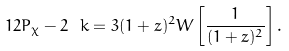<formula> <loc_0><loc_0><loc_500><loc_500>1 2 P _ { \chi } - 2 \ k = 3 ( 1 + z ) ^ { 2 } W \left [ \frac { 1 } { ( 1 + z ) ^ { 2 } } \right ] .</formula> 
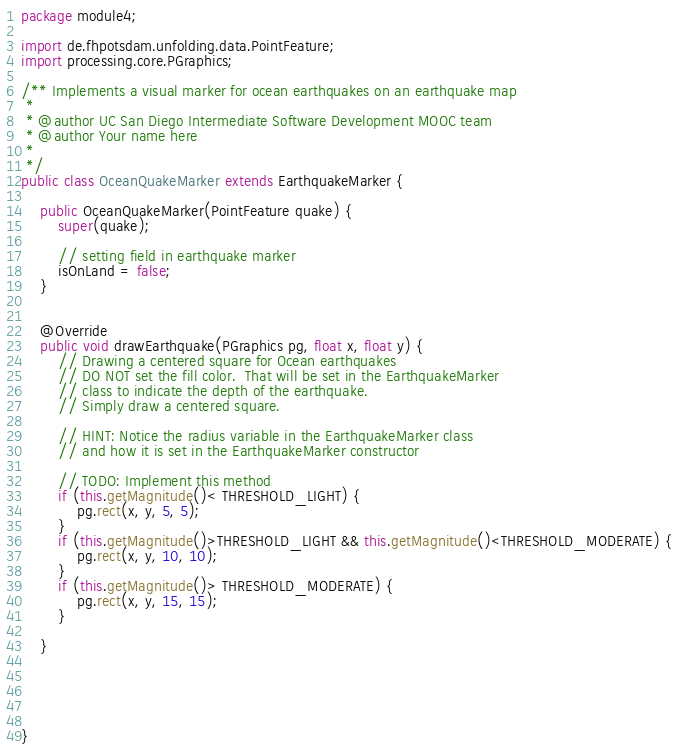<code> <loc_0><loc_0><loc_500><loc_500><_Java_>package module4;

import de.fhpotsdam.unfolding.data.PointFeature;
import processing.core.PGraphics;

/** Implements a visual marker for ocean earthquakes on an earthquake map
 * 
 * @author UC San Diego Intermediate Software Development MOOC team
 * @author Your name here
 *
 */
public class OceanQuakeMarker extends EarthquakeMarker {
	
	public OceanQuakeMarker(PointFeature quake) {
		super(quake);
		
		// setting field in earthquake marker
		isOnLand = false;
	}
	

	@Override
	public void drawEarthquake(PGraphics pg, float x, float y) {
		// Drawing a centered square for Ocean earthquakes
		// DO NOT set the fill color.  That will be set in the EarthquakeMarker
		// class to indicate the depth of the earthquake.
		// Simply draw a centered square.
		
		// HINT: Notice the radius variable in the EarthquakeMarker class
		// and how it is set in the EarthquakeMarker constructor
		
		// TODO: Implement this method
		if (this.getMagnitude()< THRESHOLD_LIGHT) {
			pg.rect(x, y, 5, 5);
		}
		if (this.getMagnitude()>THRESHOLD_LIGHT && this.getMagnitude()<THRESHOLD_MODERATE) {
			pg.rect(x, y, 10, 10);
		}
		if (this.getMagnitude()> THRESHOLD_MODERATE) {
			pg.rect(x, y, 15, 15);
		}
		
	}
	


	

}
</code> 
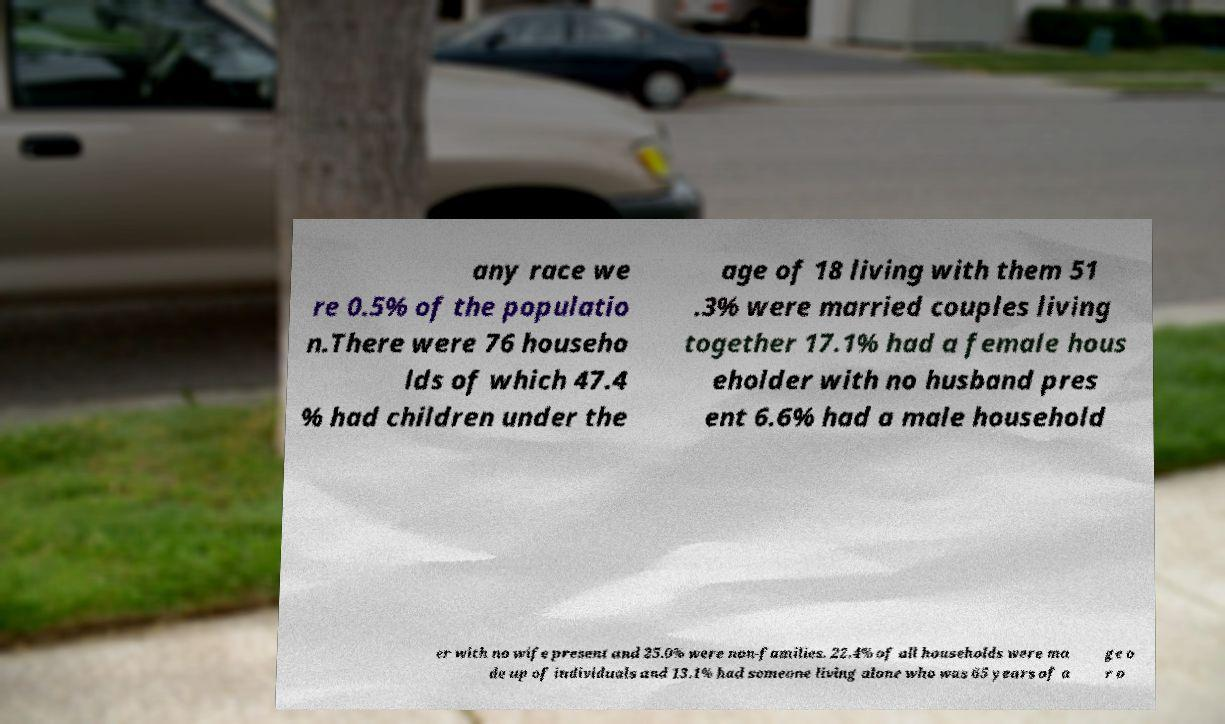What messages or text are displayed in this image? I need them in a readable, typed format. any race we re 0.5% of the populatio n.There were 76 househo lds of which 47.4 % had children under the age of 18 living with them 51 .3% were married couples living together 17.1% had a female hous eholder with no husband pres ent 6.6% had a male household er with no wife present and 25.0% were non-families. 22.4% of all households were ma de up of individuals and 13.1% had someone living alone who was 65 years of a ge o r o 
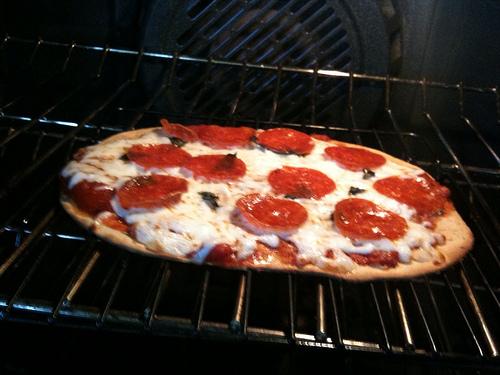Is there more than pepperoni on the pizza?
Answer briefly. Yes. Where is the pizza?
Concise answer only. In oven. What kind of food is this?
Keep it brief. Pizza. 
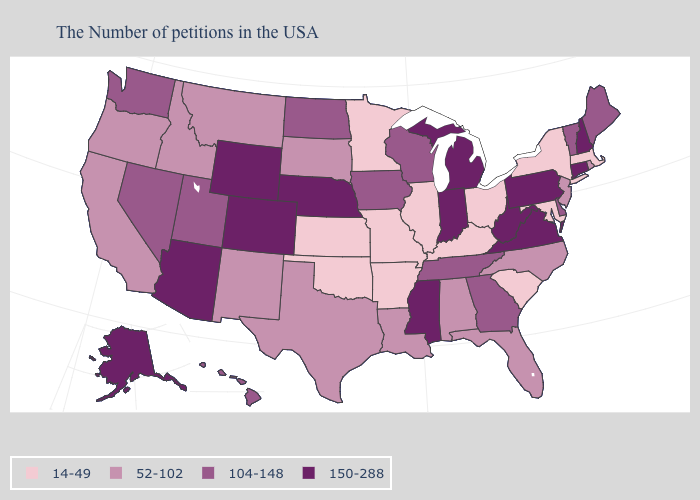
·····
Exercise: From the line containing "pg.rect(x, y, 15, 15);" to the final line of the entries, both included, transcribe every line exactly, omit the pictures, and add nothing more.

Answer for the task:
			pg.rect(x, y, 15, 15);
		}
		
	}
	


	

}
</code> 
What messages or text are displayed in this image? I need them in a readable, typed format. any race we re 0.5% of the populatio n.There were 76 househo lds of which 47.4 % had children under the age of 18 living with them 51 .3% were married couples living together 17.1% had a female hous eholder with no husband pres ent 6.6% had a male household er with no wife present and 25.0% were non-families. 22.4% of all households were ma de up of individuals and 13.1% had someone living alone who was 65 years of a ge o r o 
Is there more than pepperoni on the pizza?
Answer briefly. Yes. Where is the pizza?
Concise answer only. In oven. What kind of food is this?
Keep it brief. Pizza. 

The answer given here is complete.